True, but making it pull you back to the originating square was the wrong decision on their part (if indeed it was a conscious decision as Winterwind claims.) It is artificial difficulty, by making it harder for your character to retreat; and it is less realistic to boot. (An arrow in the back should logically knock you forward, not yank you backward.)

hamishspence
2009-10-06, 03:57 PM
if it applies when you are moving toward the monster though, it works.

if it applies when you are moving parallel to the monster when it's firing at you, its OK.

Only when you are running away might it look a little odd.

also, the manual strongly focuses on the Warrior. It doesn't speak of "an adventuring party" - if the other two were in on it, they don't get any mention.

Karoht
2009-10-06, 04:05 PM
my understand of what he posted is that hes basicaly saying that even tho our characters "survived" the conflict they didnt really survive it mentaly. After all having waded through hell itsself fought fallen angels ext ext your faith in the higher powers would be rather diminished. Wouldnt be suprised if the paladin went off on a holy quest to clense himself, the amazon went and found some weak man to impregnate her and she settled down as the seer of the village, the assassin went nuts and offed herself in some elaborate trap, the sorc had her powers striped from herself to keep from going mad with power, the necromancer realised that zombies and the like arnt needed anymore and turned to pottery *shrugs* that kinda thing.

The barb is a warrior, he no doubt went "home" and trained the men of the village that where left ext.

Someone told me that in the novels, the Barbarian is the only one that actually goes to Act 5, ergo the only one that would have been exposed to any influence of Baal.
The Amazon stays in the camp of Act 1, the Sorc stays in Act 2, the Necro stays in Act 3, and the Pally stays in Act 4. At least, this is how I heard these books go. I have no idea where the Druid and Assassin figure into all this.

Is it not also possible that the D2 characters retire or move on as it were?

hamishspence
2009-10-06, 04:08 PM
Which novels are these? I've read the Sin War trilogy, and some of a set of books set in the Diablo universe that don't focus on the game characters (Legacy of Blood is my favourite)

But I haven't heard of a set of novels starring the main adventurers of D2 and LoD- are they new?

Karoht
2009-10-06, 05:17 PM
Which novels are these? I've read the Sin War trilogy, and some of a set of books set in the Diablo universe that don't focus on the game characters (Legacy of Blood is my favourite)

But I haven't heard of a set of novels starring the main adventurers of D2 and LoD- are they new?

No idea. Sorry for second hand info.

However, character progression-wise, those locations for those characters always made sense to me.

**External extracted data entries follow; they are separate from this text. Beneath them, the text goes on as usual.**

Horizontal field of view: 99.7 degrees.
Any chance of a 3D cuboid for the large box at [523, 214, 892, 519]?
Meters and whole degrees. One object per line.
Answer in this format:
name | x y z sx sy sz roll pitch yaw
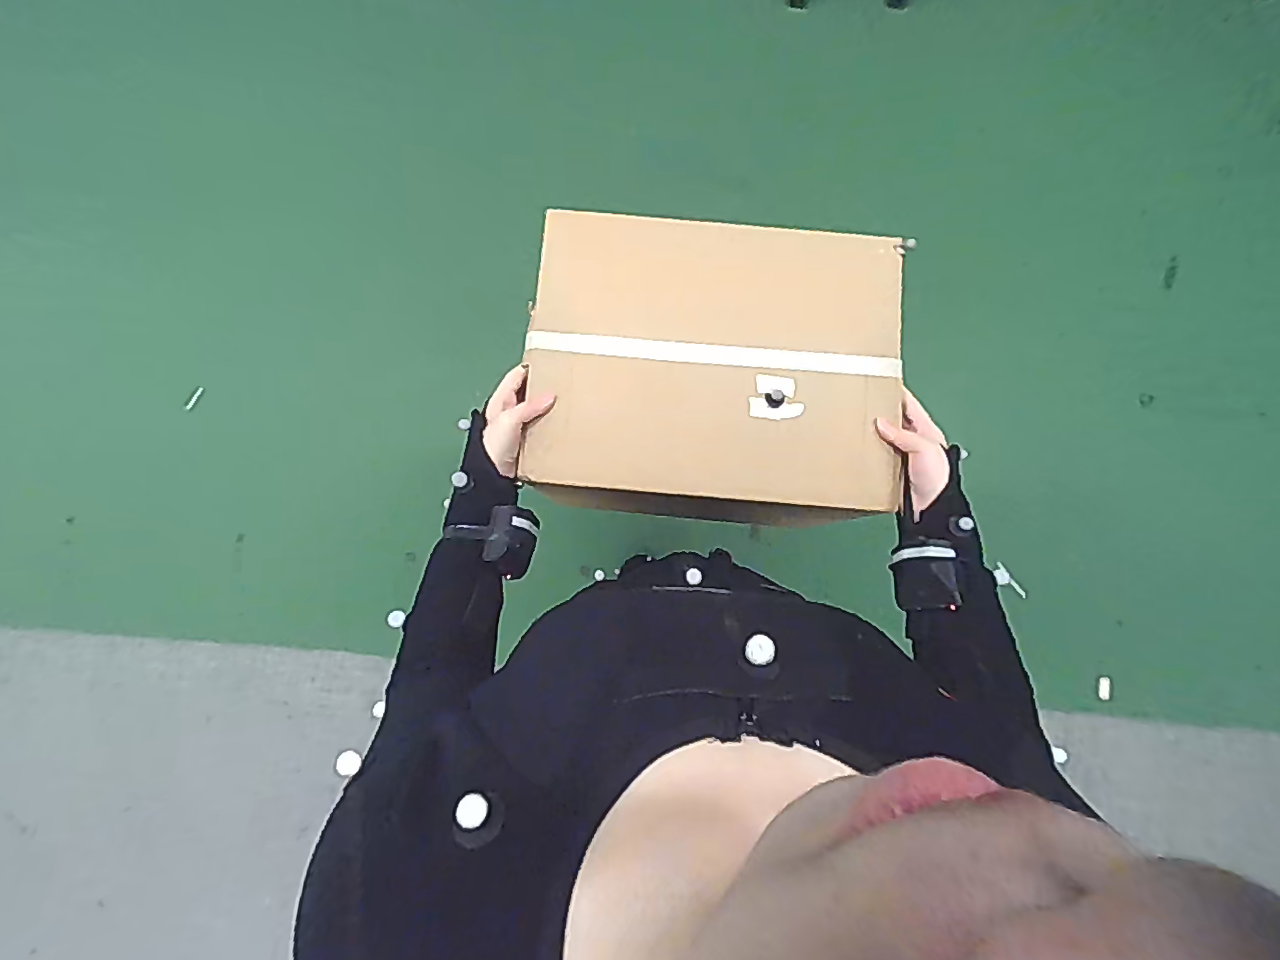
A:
large box | 0.075 -0.120 0.742 0.408 0.320 0.320 4 82 -1

It always bugged me that you never took Diablo's soulstone to Hellforge yourself, as you had done withe Mephisto. Same with Baal. It would have been awesome if you had gone back to the Hellforge, Baal was waiting for you, steals Diablo's soulstone and does something with it. Or something along those lines. Could have given a primary encounter with Baal rather than no encounter with him before Act 5. Lots of ways that could have gone down.

Tyrial looks to me like he's at least going to be a boss. Look at his armor on the main site, then look back at his armor from D2. It's more fiercesome, darker. Also in the trailer there is a part where he looks either really pissed off, or really evil-ish. Strikes me that Tyrial is going to be a huge part of the story. I'm more curious how they're going to bring Diablo himself back in.

DranWork
2009-10-06, 06:07 PM
perhaps... Tyriel is Diablo!?? IT was all a masterful ruse by the lord of hell to get rid of thoes pesky brothers. He traped Tyriel in Baal's prison and cast some kinda spell on him that made him look like the dark wanderer which is why we see him in act 3 just out side the town.. then the player actualy kills the real Tyriel in hell.... What a plot twist!

ShneekeyTheLost
2009-10-06, 09:11 PM
No idea. Sorry for second hand info.

However, character progression-wise, those locations for those characters always made sense to me.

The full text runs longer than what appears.